Turning a kymograph into tidy data using the tidyverse in R
I have a bit of a love hate relationship with kymographs. In the way that they compress data there’s no doubt that you loose information, but in the world of axonal transport and low signal:noise they have clear advantages in enabling quantification.

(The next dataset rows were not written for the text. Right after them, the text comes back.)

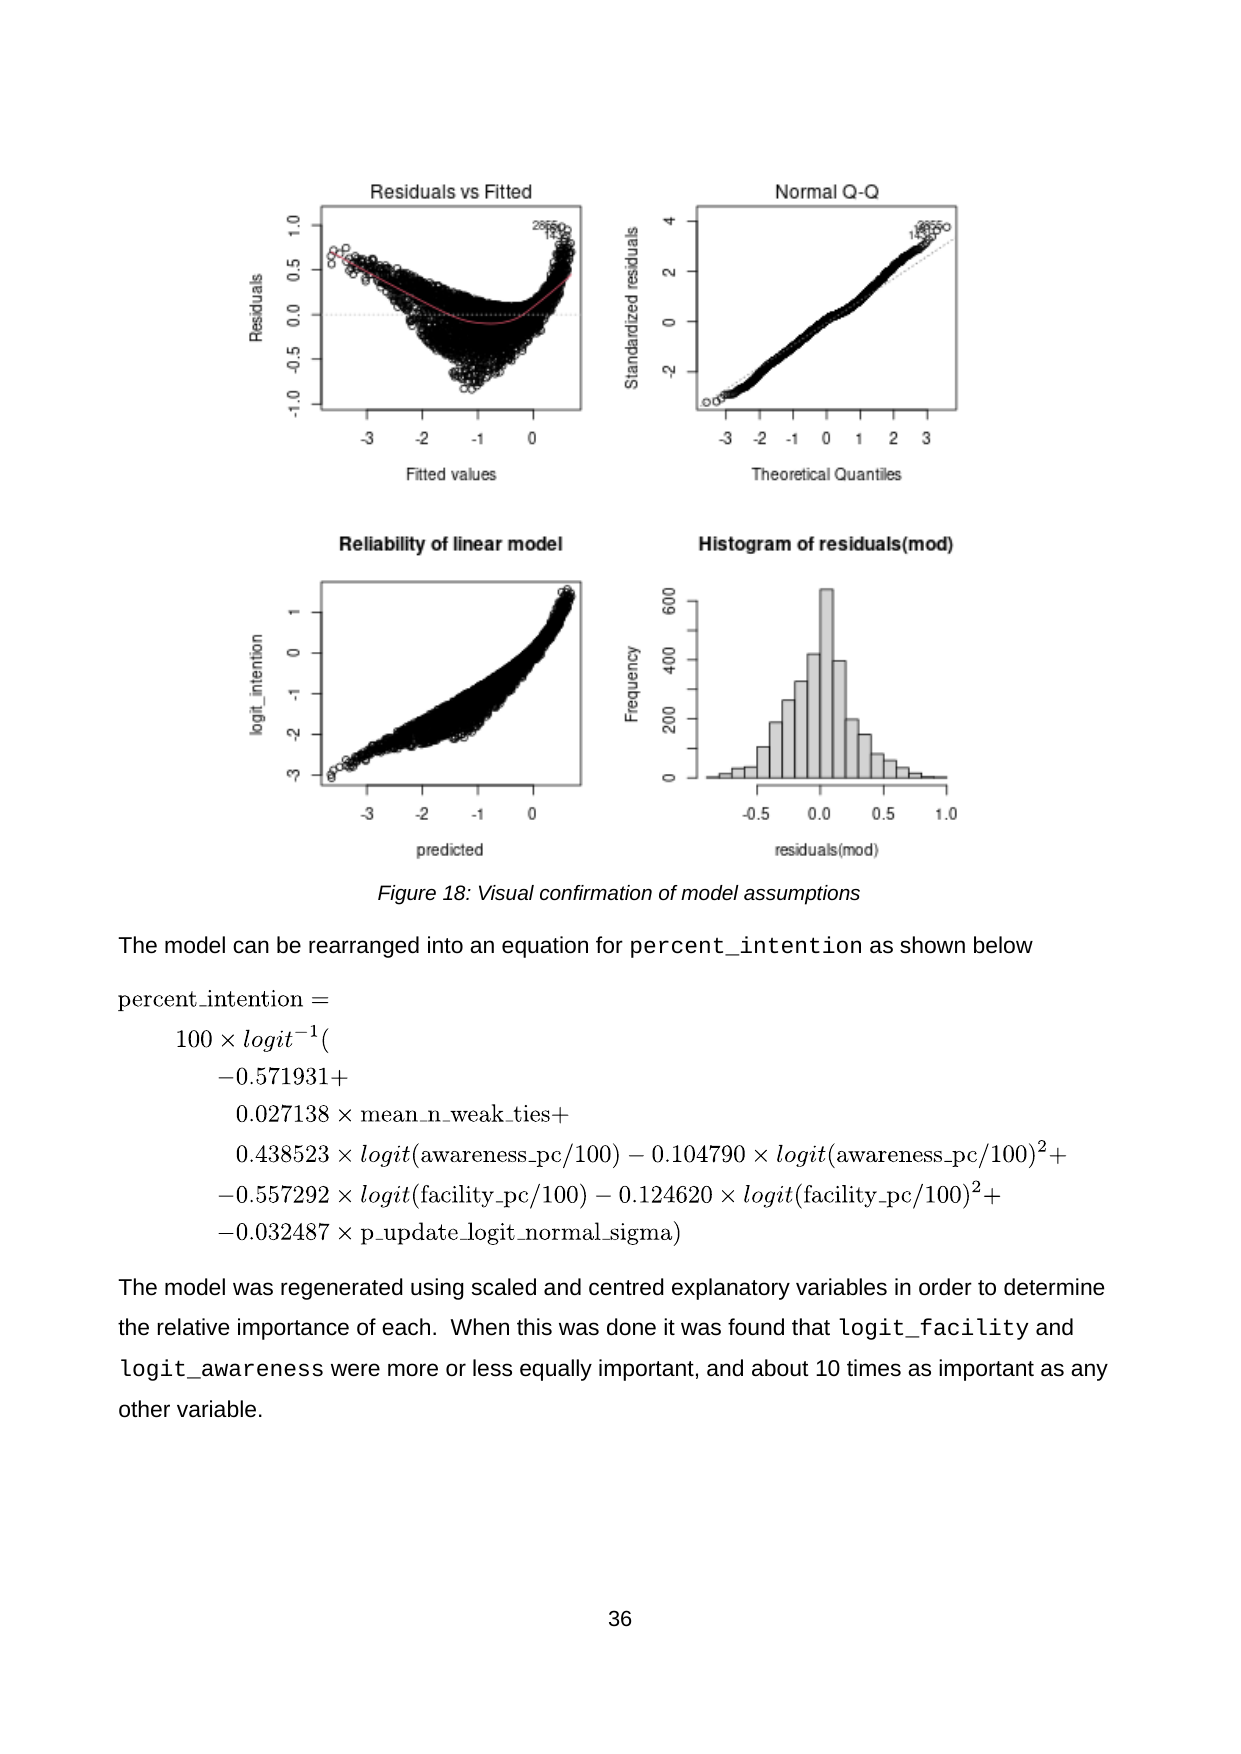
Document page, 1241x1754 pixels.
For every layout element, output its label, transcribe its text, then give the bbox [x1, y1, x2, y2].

text The model was regenerated using scaled and centred explanatory variables in order to determine the relative importance of each. When this was done it was found that logit_facility and logit_awareness were more or less equally important, and about 10 times as important as any other variable. [118, 1274, 1122, 1423]
text The model can be rearranged into an equation for percent_intention as shown below [118, 932, 1122, 961]
text Figure 18: Visual confirmation of model assumptions [245, 881, 995, 904]
picture [245, 130, 995, 881]

I covered before a couple of strategies you can use to import image data into R. The next step in my workflow is usually to turn that image into a data table for further analysis. A data table can take many forms, but I think the easiest and most powerful way to get the most out of R these days is to use the tidyverse collection of packages.

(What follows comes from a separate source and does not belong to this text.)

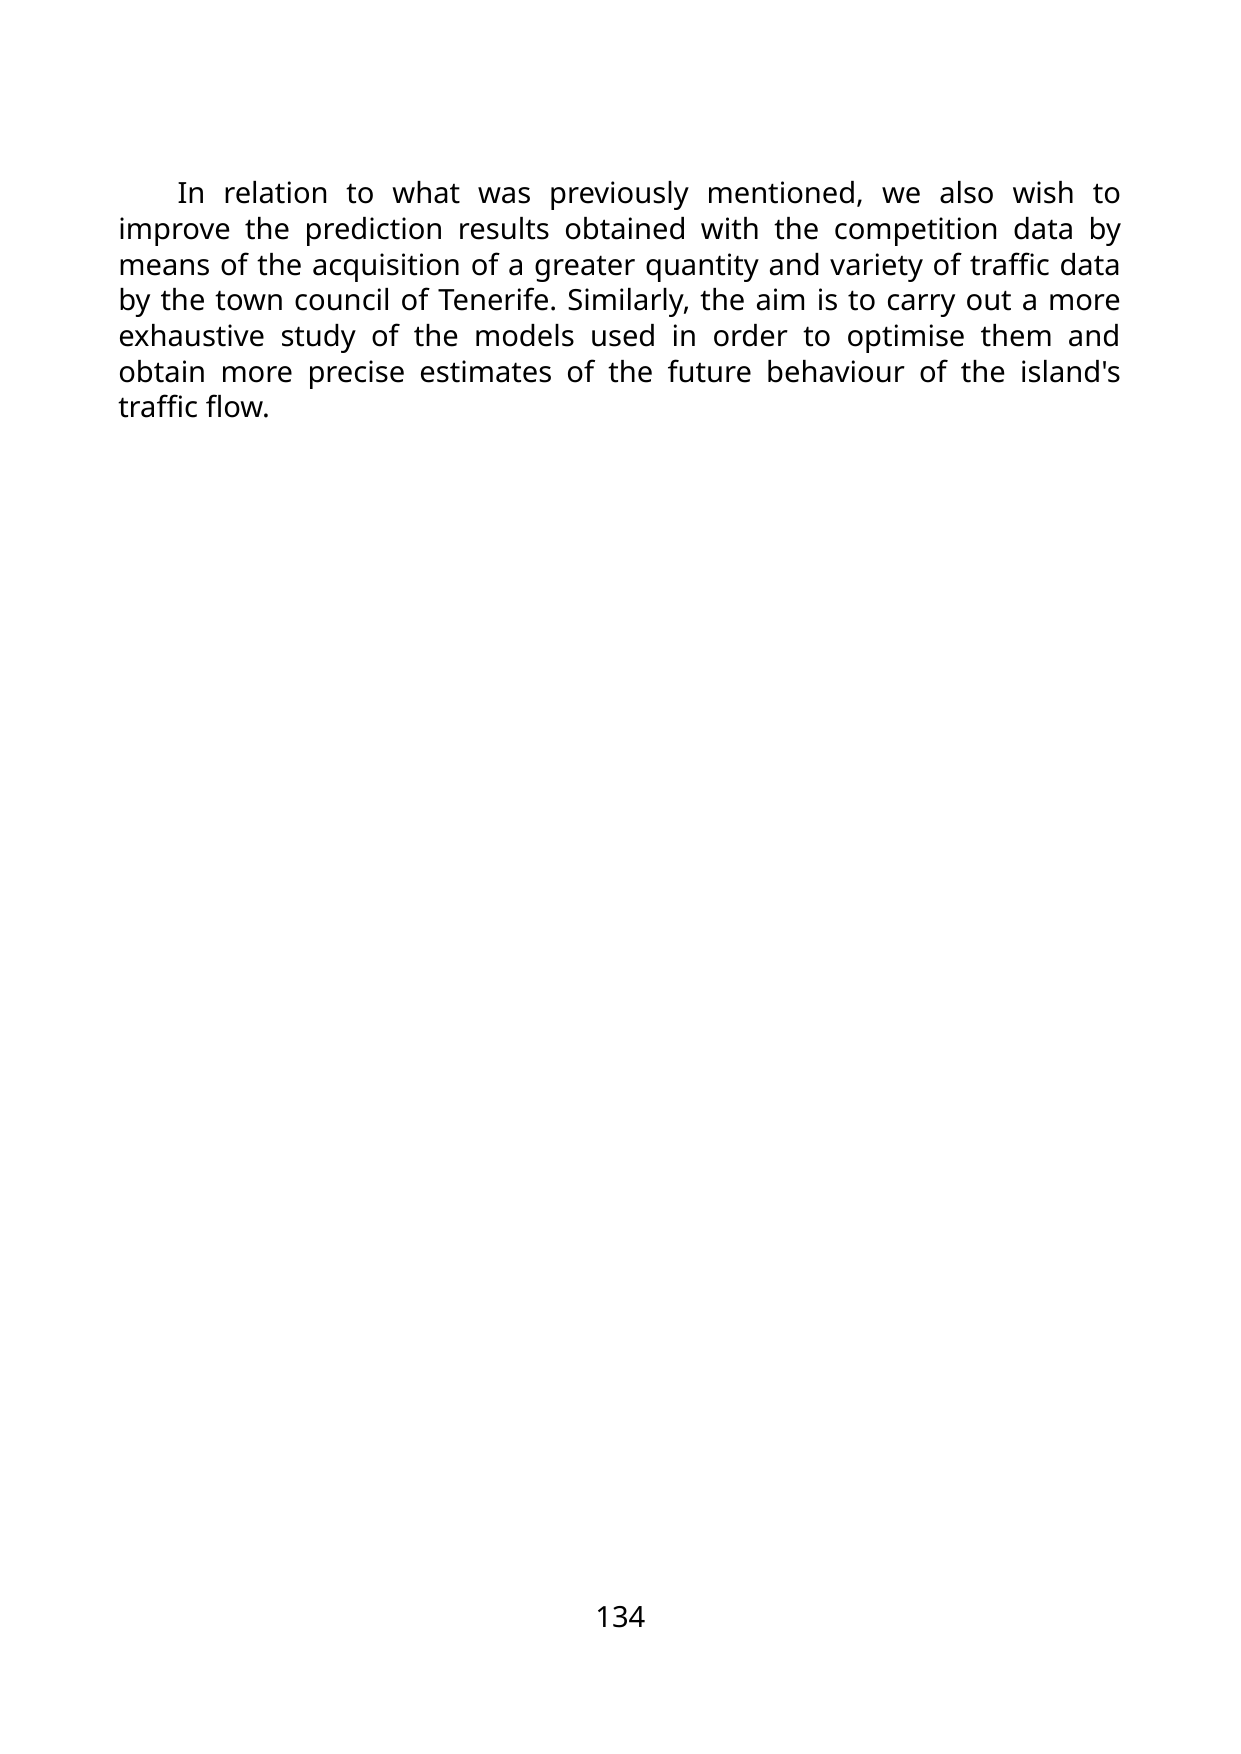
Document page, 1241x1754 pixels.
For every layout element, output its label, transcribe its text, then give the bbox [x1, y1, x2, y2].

text In relation to what was previously mentioned, we also wish to improve the prediction results obtained with the competition data by means of the acquisition of a greater quantity and variety of traffic data by the town council of Tenerife. Similarly, the aim is to carry out a more exhaustive study of the models used in order to optimise them and obtain more precise estimates of the future behaviour of the island's traffic flow. [118, 172, 1122, 426]

I picked up R a few years ago now and since then I’ve happily watched the tidyverse grow and develop. It is a fantastic set of tools accessible to anyone, and it’s easy to see the parallels between ImageJ/FIJI development and the R/tidyverse. To work happily within the tidyverse your data does have to be tidy. Tidy data is a standardized way of mapping the meaning of data to it’s structure (across lots of different types of data). A simple concept in essence, I remember it taking me a while to fully transition from spreadsheets until the penny really dropped. Tidy data is data that conforms to the following rules:
- Each variable describing the data forms a separate column.

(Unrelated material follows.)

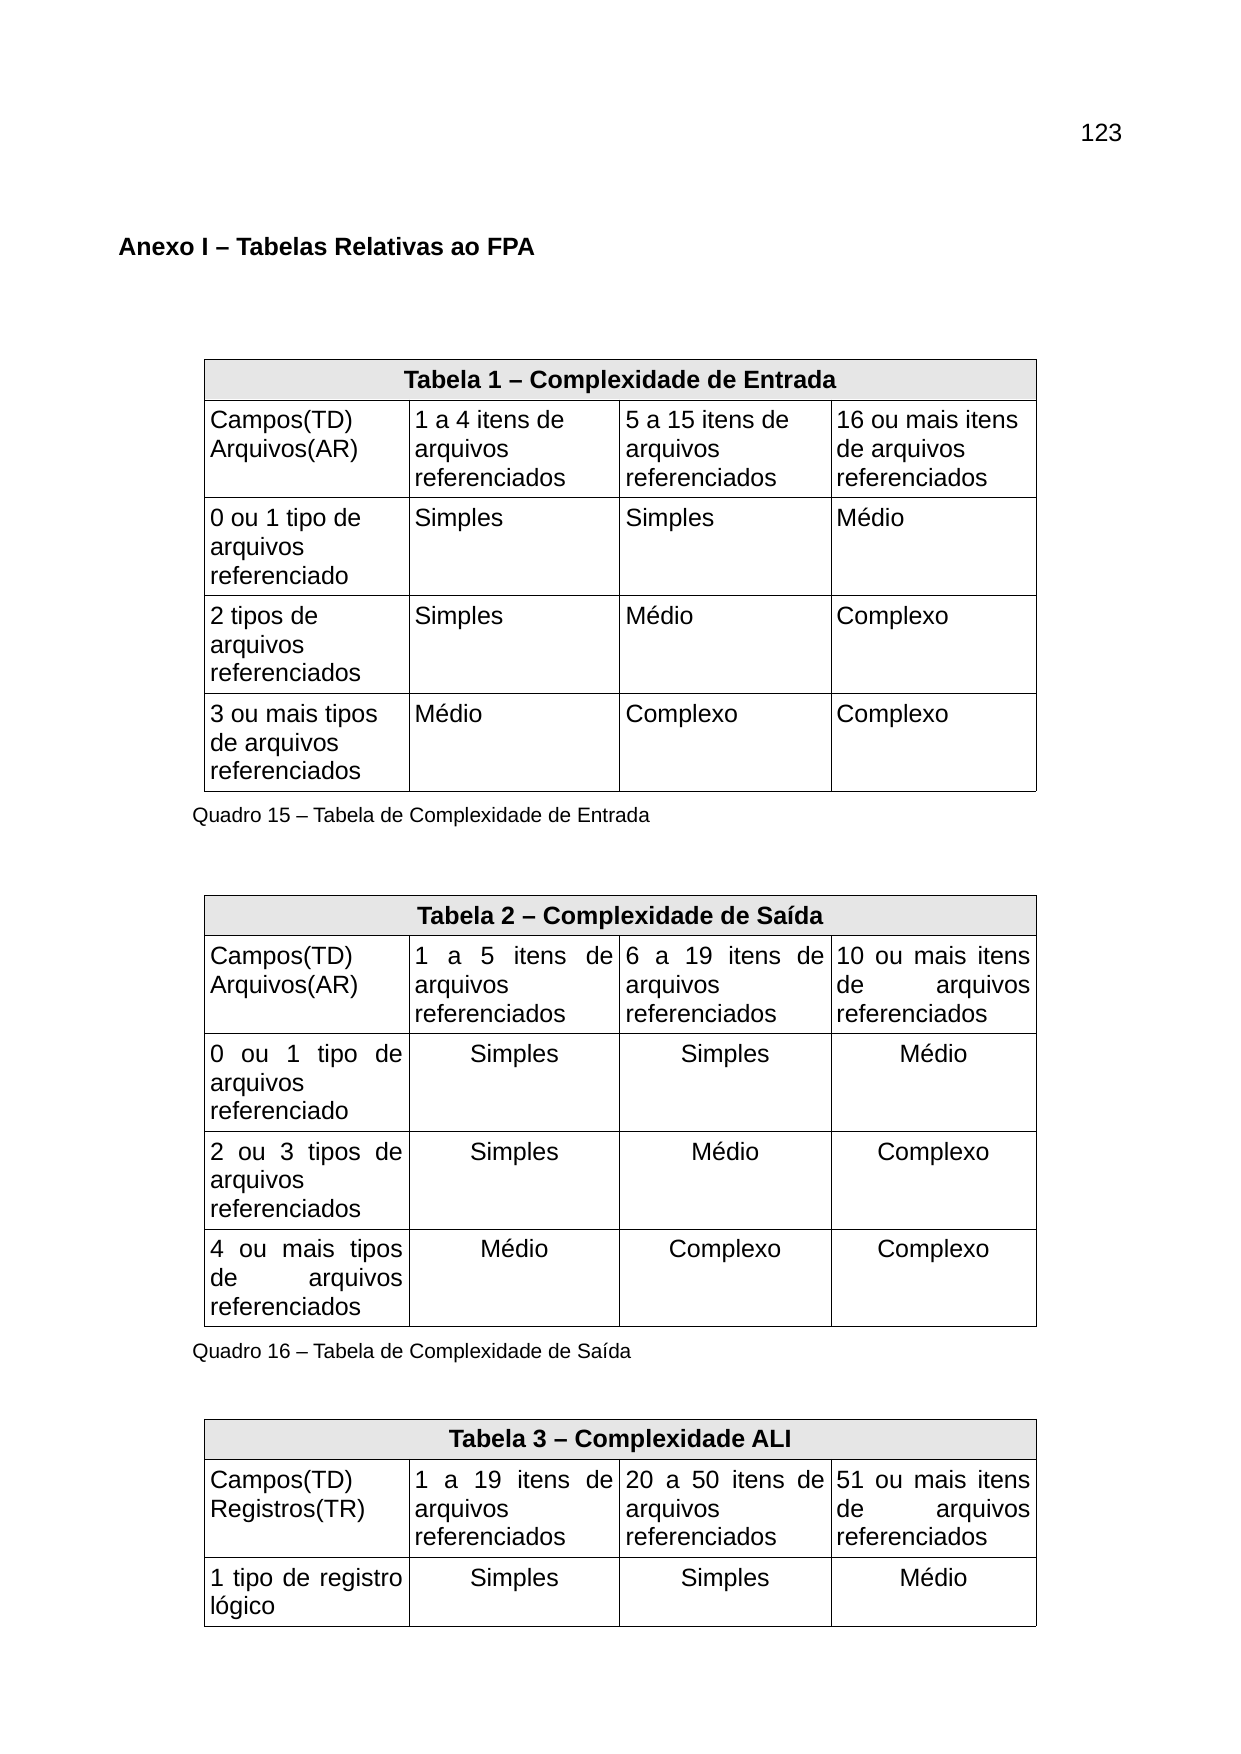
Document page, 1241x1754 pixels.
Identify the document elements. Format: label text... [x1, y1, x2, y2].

- Each observation forms a row and all the parameters you need to describe that observation should be on that row.
- Each type of observational unit forms a table.
If your a beginner to R it’s worth reading Hadley Whickham’s paper on Tidy Data, a very straight forward and useful read.
This is my strategy to turn an image into tidy data for downstream analysis. First up, load the packages we need. The tidyverse
package loads a suite of (currently) 26 packages, but in this example I’m only
actually using functions from tibble
, tidyr
, forcats
and ggplot2
. I’m also loading
EBImage
to import my data:
library(tidyverse)
library(EBImage)
kymograph <- readImage("MAX_Reslice_of_low_pass_axon_16bit.tif", type = "tiff")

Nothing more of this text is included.